In the Normal class we have the private method:

.getSettableParams <- function(mean,var,prec,sd){
 if(!is.null(var)) return(list(mean=mean,var=var))
if(!is.null(prec)) return(list(mean=mean,var=prec^-1)
etc.
}

Then the constructor:

initialize <- function(mean,var,prec,sd){
parameterset <- function(...){
if(!is.null(var)) var = settable, prec = not_settable, etc.
}
setParameterValue(.getSettableParams(mean,var,prec,sd))
}
fkiraly commented 5 years ago

Yes - plus possible input checks, in case the user doesn't pass a mean, say, or multiple contradictory values for dispersion parameters.

RaphaelS1 commented 5 years ago

Okay, agreed. I think getSettableParams should be a private method that only required distributions have (as opposed to S3).

RaphaelS1 commented 5 years ago

Writing this up I'm not sure it is actually more efficient. Currently ParameterSet is quite fast and efficient (aside from the constructor) problem because of the updateFunc argument and the update method that dynamically updates based on any parameters. In the suggest method above, each time a parameter is updated we have to call getSettableParams which has to choose the correct functions to update other parameters and then all the validation checks on the given arguments (e.g. class, boundaries) are performed.
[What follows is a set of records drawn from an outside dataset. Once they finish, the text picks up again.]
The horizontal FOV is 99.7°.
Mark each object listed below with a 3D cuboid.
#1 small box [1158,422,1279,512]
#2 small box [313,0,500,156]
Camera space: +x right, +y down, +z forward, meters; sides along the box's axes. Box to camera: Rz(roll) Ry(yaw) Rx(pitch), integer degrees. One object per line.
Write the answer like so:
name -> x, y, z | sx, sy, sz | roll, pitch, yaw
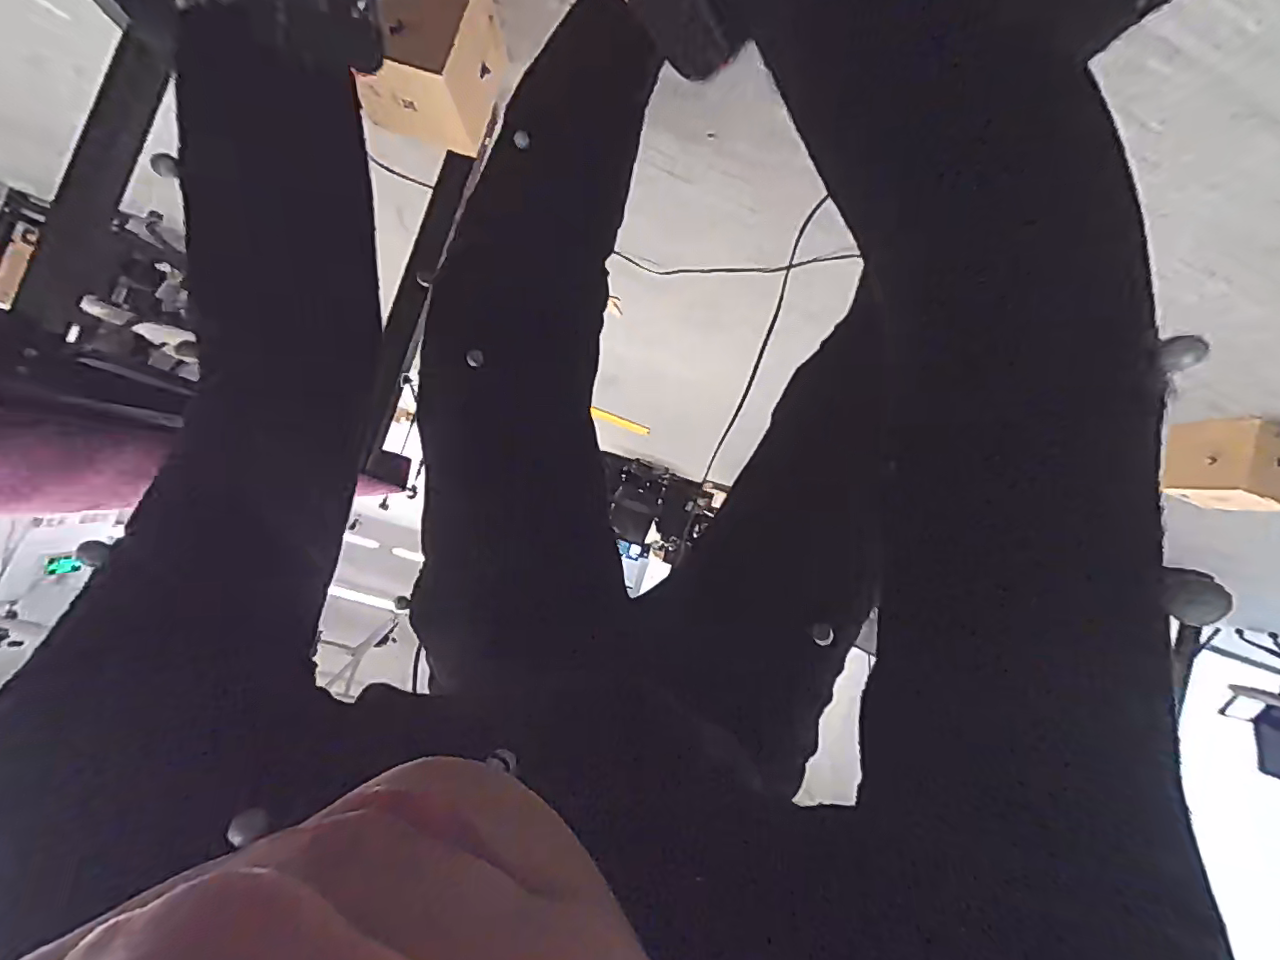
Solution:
small box -> 1.381, -0.030, 1.263 | 0.168, 0.176, 0.179 | 19, 176, -11
small box -> -0.311, -0.610, 0.764 | 0.179, 0.176, 0.168 | 18, 176, -2

RaphaelS1 commented 5 years ago

A better compromise may be to have .getParameterSet which stores all the possible variants, with settable and updateFunc included and then this is called as one line in the constructor, and all the checks are performed within this.

fkiraly commented 5 years ago

Hm, @PeterRuckdeschel @stamats - any good suggestions or lessons learnt from your ParamFamily design?
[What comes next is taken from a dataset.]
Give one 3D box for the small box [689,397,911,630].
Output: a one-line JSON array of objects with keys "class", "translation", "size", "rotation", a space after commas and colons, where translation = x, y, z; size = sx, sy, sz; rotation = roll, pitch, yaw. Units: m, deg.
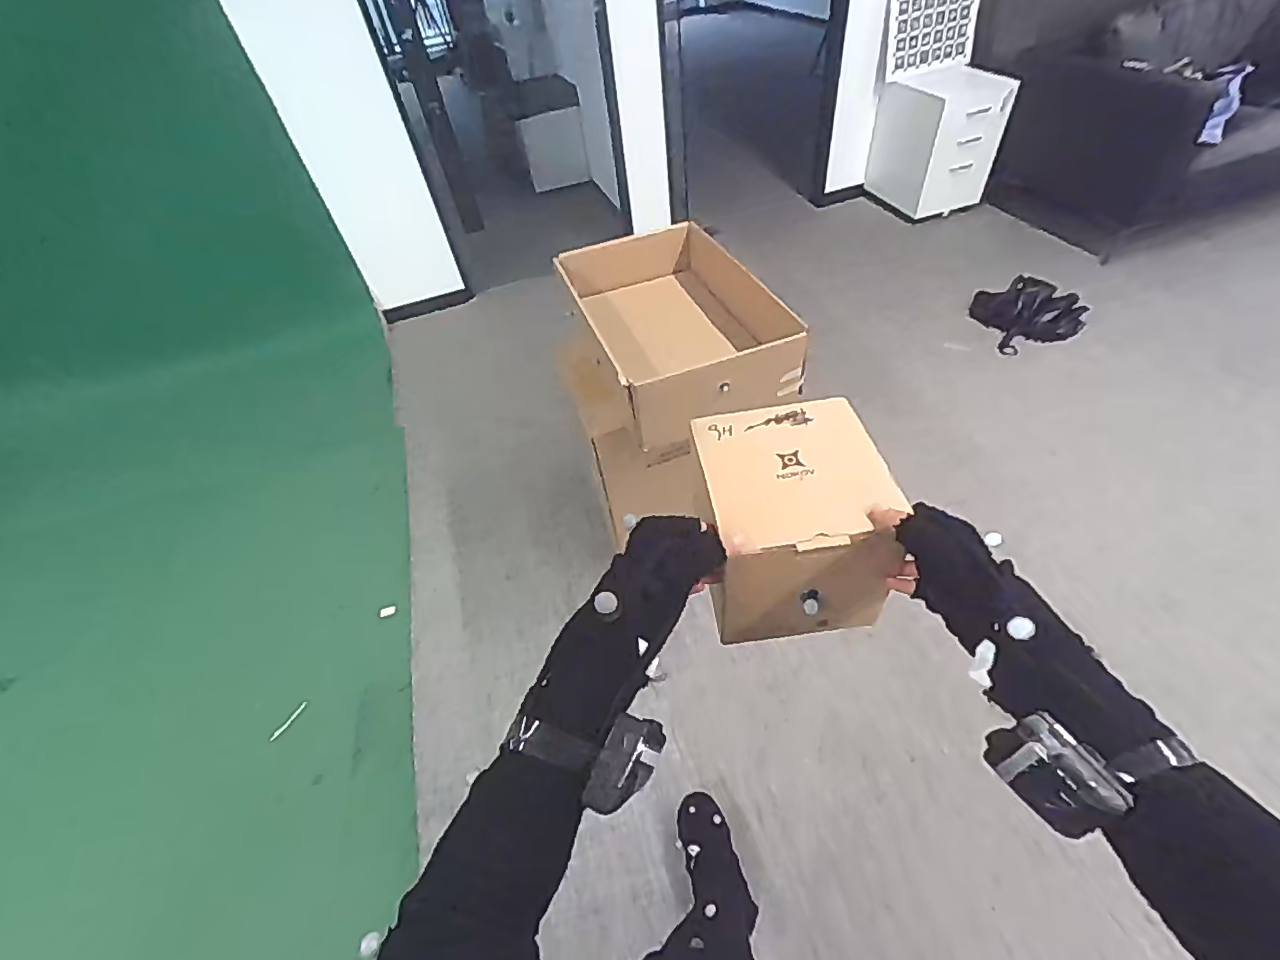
[{"class": "small box", "translation": [0.148, 0.042, 0.564], "size": [0.168, 0.176, 0.179], "rotation": [-8, 47, 0]}]
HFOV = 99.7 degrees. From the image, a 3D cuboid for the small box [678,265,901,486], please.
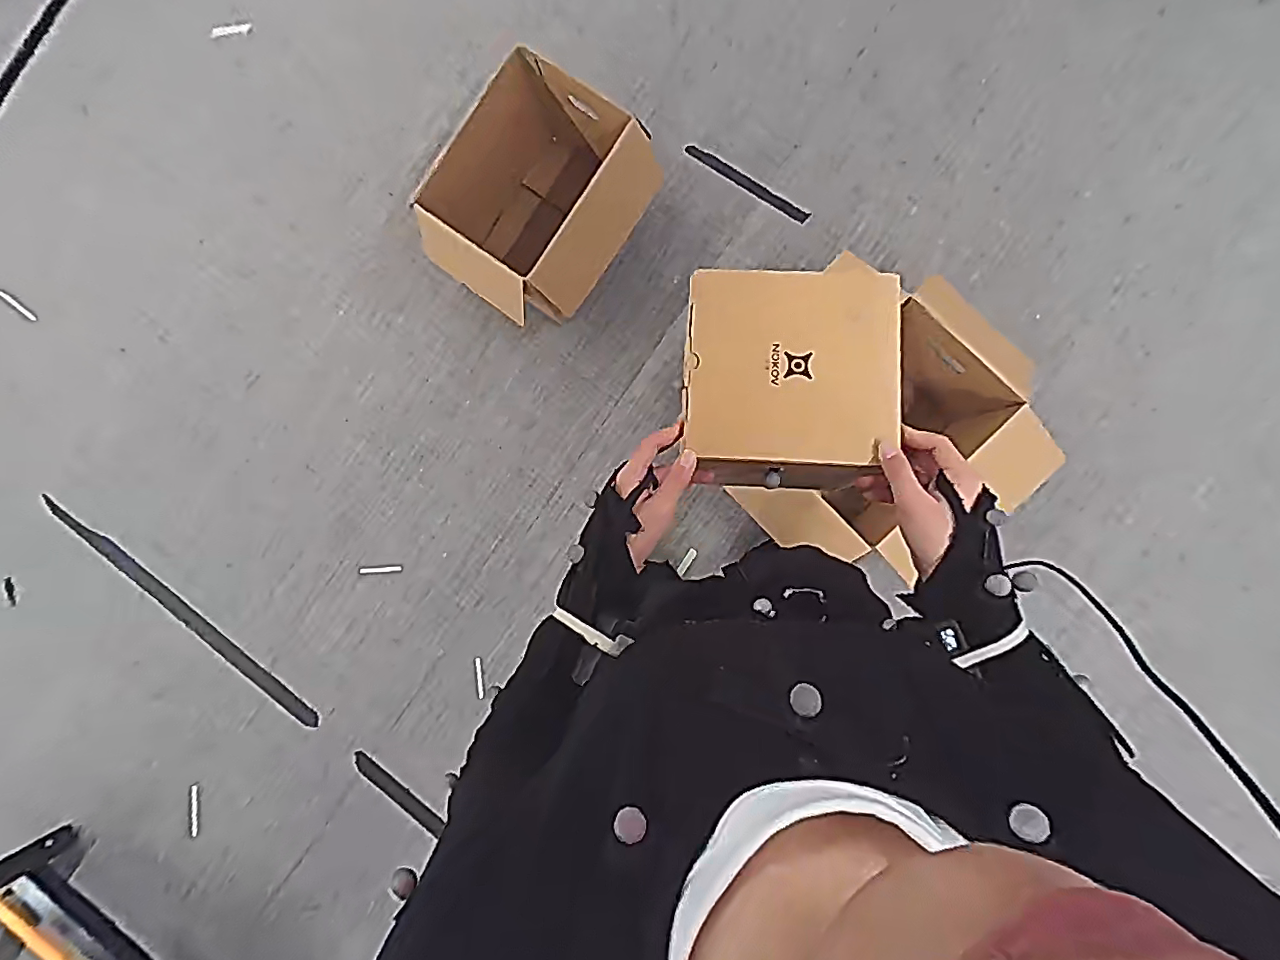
[{"bbox_3d":[0.129,-0.087,0.521,0.179,0.176,0.168,3,83,4],"label":"small box"}]

RaphaelS1 commented 5 years ago

I have just implemented the following in the Normal distribution:

There is no logical flag for the reference parameter, e.g. no "reference" col in the paramset with TRUE/FALSE as elements, but I think this is probably easy to deduce by looking at "updateFunc".

Finally added an option "verbose" so users can turn off messages that appear in construction telling the user which parameterisation is used.

How does this sound?

fkiraly commented 5 years ago

Makes sense to me - let's see whether it's easy to maintain and/or easy to use.
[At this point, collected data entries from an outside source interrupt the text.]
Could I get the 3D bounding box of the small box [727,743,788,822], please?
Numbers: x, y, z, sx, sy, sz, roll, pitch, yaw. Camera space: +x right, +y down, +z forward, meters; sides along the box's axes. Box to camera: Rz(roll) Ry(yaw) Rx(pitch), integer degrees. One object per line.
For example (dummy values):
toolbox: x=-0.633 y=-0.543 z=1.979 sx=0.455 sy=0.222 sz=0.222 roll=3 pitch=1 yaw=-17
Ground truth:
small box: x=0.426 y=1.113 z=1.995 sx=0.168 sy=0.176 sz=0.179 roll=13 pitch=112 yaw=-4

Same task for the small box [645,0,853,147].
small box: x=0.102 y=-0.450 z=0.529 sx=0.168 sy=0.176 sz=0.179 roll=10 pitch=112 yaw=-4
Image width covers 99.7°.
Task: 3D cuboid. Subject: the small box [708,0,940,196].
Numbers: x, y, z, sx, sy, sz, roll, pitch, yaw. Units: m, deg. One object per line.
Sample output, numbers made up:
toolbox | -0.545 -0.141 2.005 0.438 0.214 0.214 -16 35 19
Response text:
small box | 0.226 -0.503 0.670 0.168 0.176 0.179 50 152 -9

PeterRuckdeschel commented 5 years ago

Sorry for jumping in late -- you indeed hit a very interesting topic where a good design could really pay off later on.

I think the way you address the topic is fine. Actually, also the idea to have a default / reference parametrization which is used by all setters is a good concept.

To solve the issue that the information given as argument is not yet sufficient to identify the parameter could be solved as follows: starting from a reference (complete) parameter expressed in the reference parametrization you could then allow to only change those aspects in the reference parametrization which are affected by the setter. Doing so you indeed can use polymorphism / method dispatch as is done in S3 and S4 methods to allow setters to react on different named arguments.

Second I would suggest that you should try to allow to (optionally) bind gradient information to the setter: If the reference parametrization is expressed in terms of theta and you have a mapping tau(theta) which (in some possibly different parametrization) moves theta to a parameter theta' (in reference parametrization), for gradient descent type algorithms you might want to have information on its derivative tau'(theta), or if 2nd order algorithms are to be used, even the Hessian tau''(theta) could be helpful.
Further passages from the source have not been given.